Entries taken from a collection

# # # # # # #

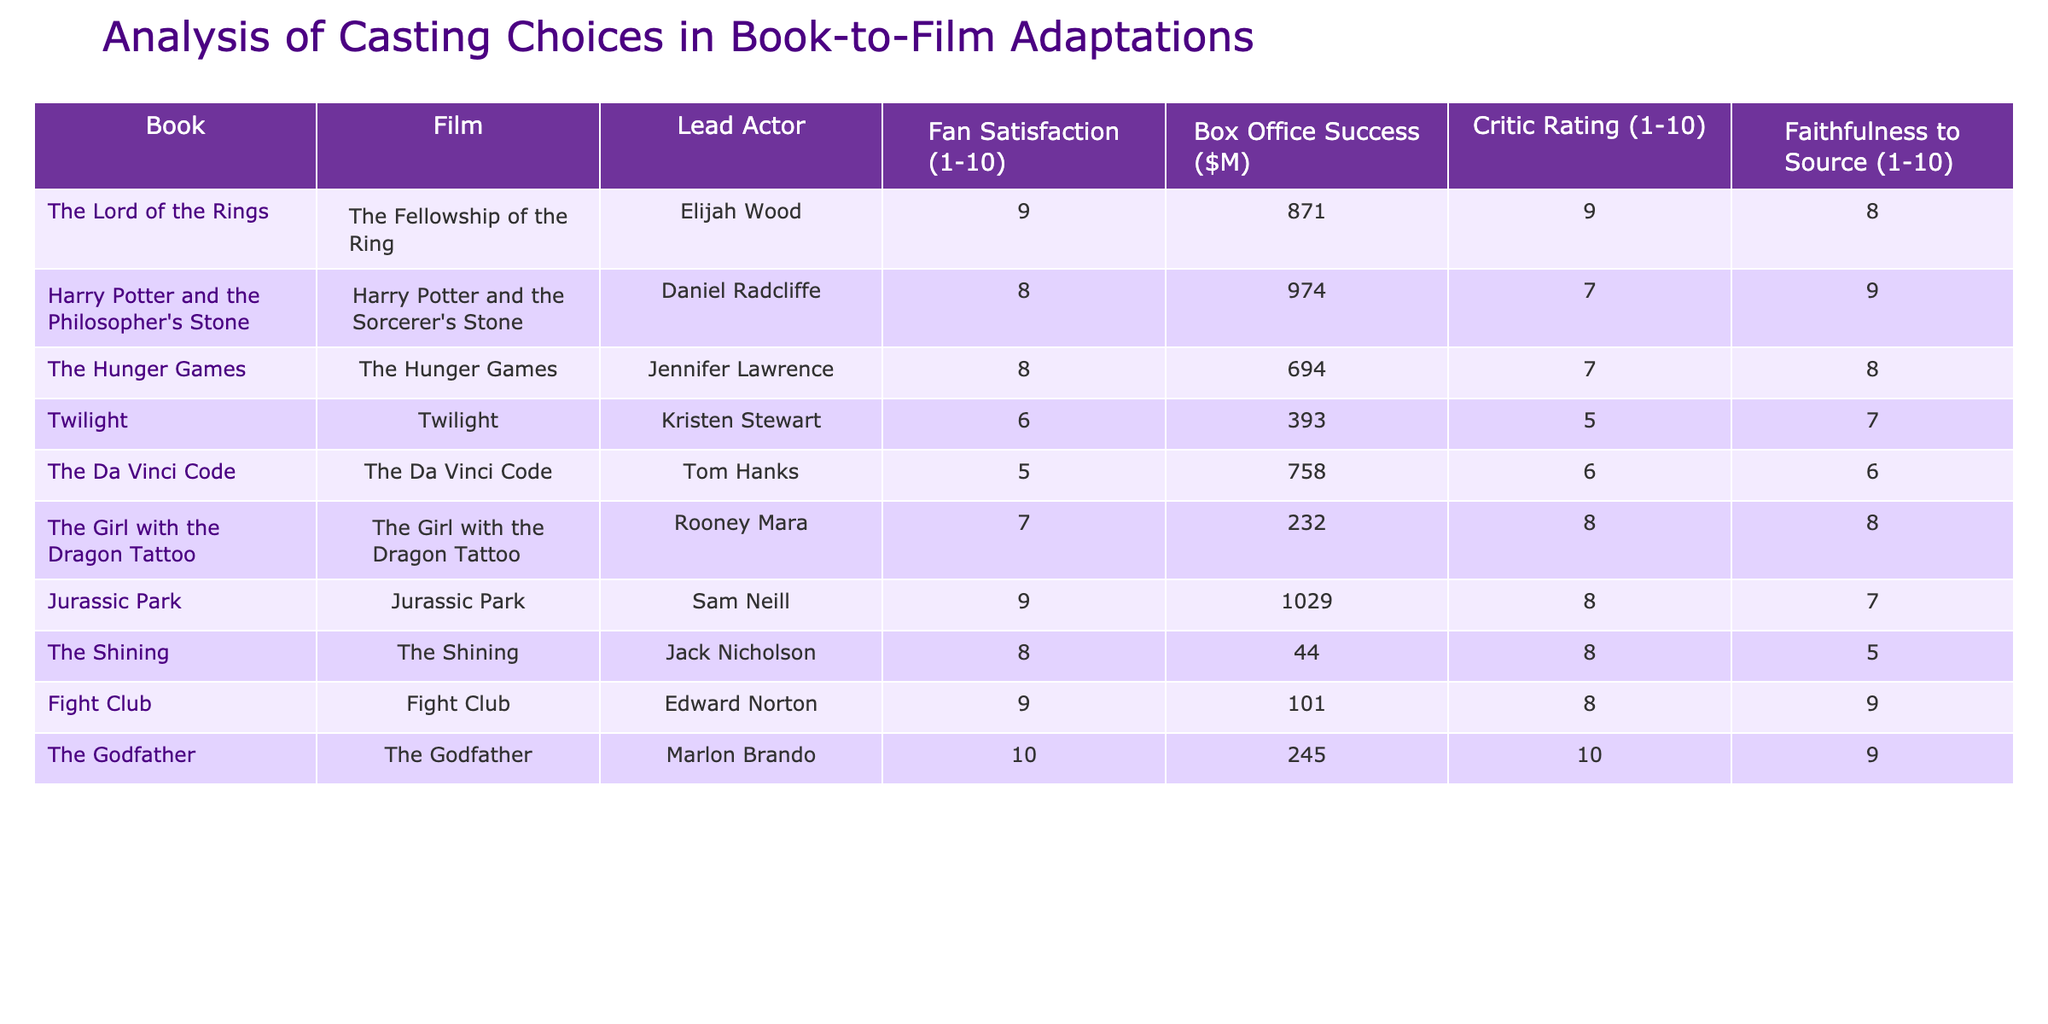What is the lead actor in "The Hunger Games"? According to the table, the lead actor for "The Hunger Games" is Jennifer Lawrence, which can be found in the row corresponding to that film.
Answer: Jennifer Lawrence Which film had the highest box office success? By looking at the "Box Office Success" column, "Jurassic Park" has the highest box office success at $1029 million. This is greater than the values for all other films listed.
Answer: Jurassic Park What is the average fan satisfaction rating for the films? To find the average fan satisfaction, add all the ratings (9 + 8 + 8 + 6 + 5 + 7 + 9 + 8 + 9 + 10 = 77) and divide by the number of films (10). The average fan satisfaction rating is 77/10 = 7.7.
Answer: 7.7 Did "The Da Vinci Code" receive a critic rating of 8 or higher? By checking the critic rating for "The Da Vinci Code," we find that it has a critic rating of 6, which is below 8. Thus, the answer is no.
Answer: No Which film has the lowest fan satisfaction and what is its score? Referring to the "Fan Satisfaction" column, "Twilight" has the lowest score with a fan satisfaction rating of 6. This information is in the corresponding row for "Twilight."
Answer: 6

# # # # # # #

▶ _TASK PROMPT_: The job here is to find each line above with the word "rating" and copy it.

▶ _YOUR RESPONSE_:
Answer: Jurassic Park What is the average fan satisfaction rating for the films? To find the average fan satisfaction, add all the ratings (9 + 8 + 8 + 6 + 5 + 7 + 9 + 8 + 9 + 10 = 77) and divide by the number of films (10). The average fan satisfaction rating is 77/10 = 7.7.
Answer: 7.7 Did "The Da Vinci Code" receive a critic rating of 8 or higher? By checking the critic rating for "The Da Vinci Code," we find that it has a critic rating of 6, which is below 8. Thus, the answer is no.
Answer: No Which film has the lowest fan satisfaction and what is its score? Referring to the "Fan Satisfaction" column, "Twilight" has the lowest score with a fan satisfaction rating of 6. This information is in the corresponding row for "Twilight."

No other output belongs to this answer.